Jim: So, looking ahead. We can only assume a continued uptick in spending going forward, especially given the amount of legacy that still exists in financial institutions today?

Dan: I think that’s right. And, you know, the difficult thing there is that there are so many other pressures when it comes to budgets. Not just overall earnings pressure for the Street. But, also other pressure. Whether that is compliance taking a bigger bite out of the available budget. And then you mentioned legacy. Right? Legacy continues to take a huge chunk of the technology side and IT side of budgets. Just trying to keep things running in the older environments. Right? Which leaves a smaller slice for new things.

Jim: So Dan, final question. You know. I think a lot of us look at Operating Systems like Microsoft or, are looking at new solutions for HTML5 as something that we have to do. But, are there opportunities for competitive advantages for firms that are making these investments in new technologies? Whether that is on the trading desk in terms of drill-down analysis, or speed by Cloud. Where is the competitive, the compelling event for these firms?

Dan: Yes, There is a competitive advantage. And you briefly mentioned the Cloud. If you go back 5-7 years ago, there was a lot of hesitancy to be putting financial applications in the Cloud. And, you look around the industry now, and it’s getting much more commonplace. And, it’s commonplace because the financial advantage and processing power of the Cloud has made it one that people can’t ignore. Right? And, folks have gotten over the security issues that were prominent back then and the same type of thing is going to lend itself to the adoption of things like HTML5, when you see the replacement of legacy apps. And gee, do we want to do it in the Windows Desktop and then also do it over in the Blackberry environment, and then also do it in an ios environment? It makes no sense not to adopt one that goes across all platforms.

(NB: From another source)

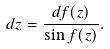Convert formula to latex. <formula><loc_0><loc_0><loc_500><loc_500>d z = \frac { d f ( z ) } { \sin f ( z ) } .</formula>

Jim: Actually. So that… Let me ask one more question. And, you brought up the word security. I know a lot of, with HTML5 in utilizing web services, there always have been questions as it relates to security. But, I think there’s been a lot of advancements in that area. Perhaps you have some insight and input on the security issues around the use of HTML5?

Dan: Yeah. A lot of advancements there, Jim. And, it’s become… Like I said, it’s become commonplace as a platform. And, folks have figured it out. Just as I said, like they did with the Cloud. The HTML5 environment has become much more secure. And, sort of the rapid adoption by the Street has led to that increase in security.

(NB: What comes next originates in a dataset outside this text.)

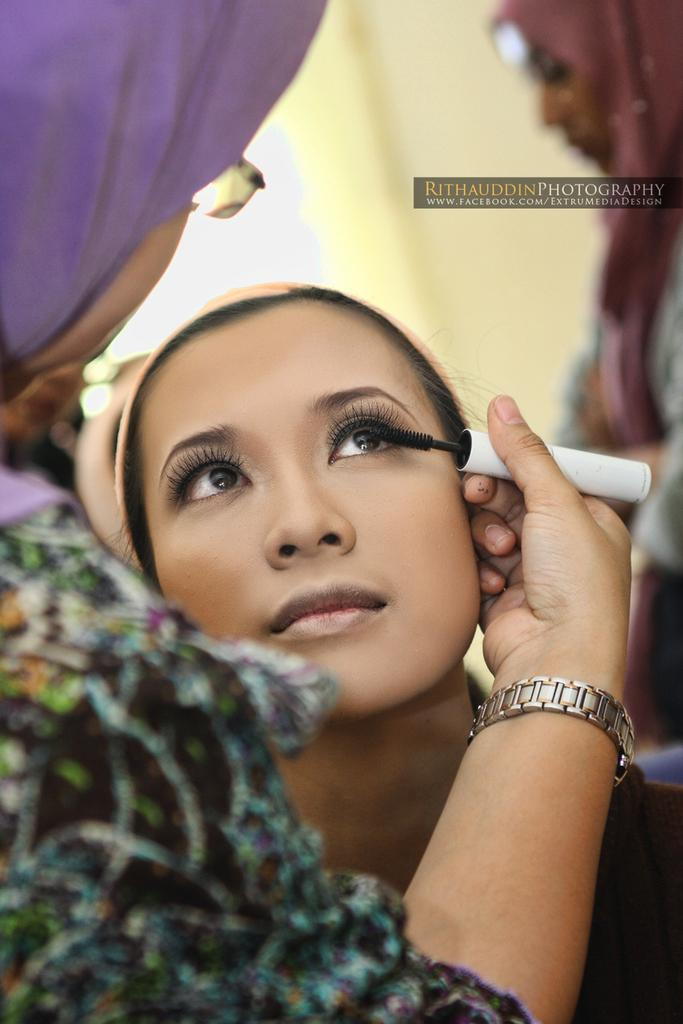What is happening between the two ladies in the image? There is a lady applying mascara to another lady in the image. Where is the lady applying mascara located in relation to the other lady? The lady applying mascara is on the left side of the image, while the lady receiving the mascara is sitting in front of her. Can you describe the background of the image? There is a wall in the background of the image. Are there any other people visible in the image? Yes, there is another lady in the top right corner of the image. What type of letter is the lady in the top right corner of the image writing? There is no letter or writing activity visible in the image. How many tomatoes are on the table in the image? There are no tomatoes present in the image.

Jim: Well Dan, I want to thank you so much for joining us today and sharing some of the insights from your new report. Again the report by Greenwich Associates at greenwich.com is “The Future of Financial Markets Operating Systems: Here Comes HTML5.”  So, if you are interested in seeing the full breadth of that report, I urge you to go to the website. It’s an excellent read.

Well Dan I want to thank you so much for joining us. And I hope you’ll be joining us again in the future.

Speaker Biographies

Daniel J. Connell

Managing Director, Market Structure and Technology

Daniel Connell oversees the development strategy of the Firm’s Market Structure and Technology business. Prior to Greenwich Associates he was the CEO at Correlix, Inc., a leading provider of real-time performance optimization technology. Formerly, Dan worked as an executive-in-residence in the private equity industry and as a strategy consultant to technology-focused content companies. He also served as the COO of Xinhua Finance Ltd., China’s premier financial information and media company.

Dan earned his BBA in Finance from the University of Massachusetts, Amherst, and completed Executive Business Management Training at the Darden Graduate School of Business. He also attended the Global Leadership 2020 program at the Tuck School of Business at Dartmouth, University of Oxford and Shanghai Jiao Tong University.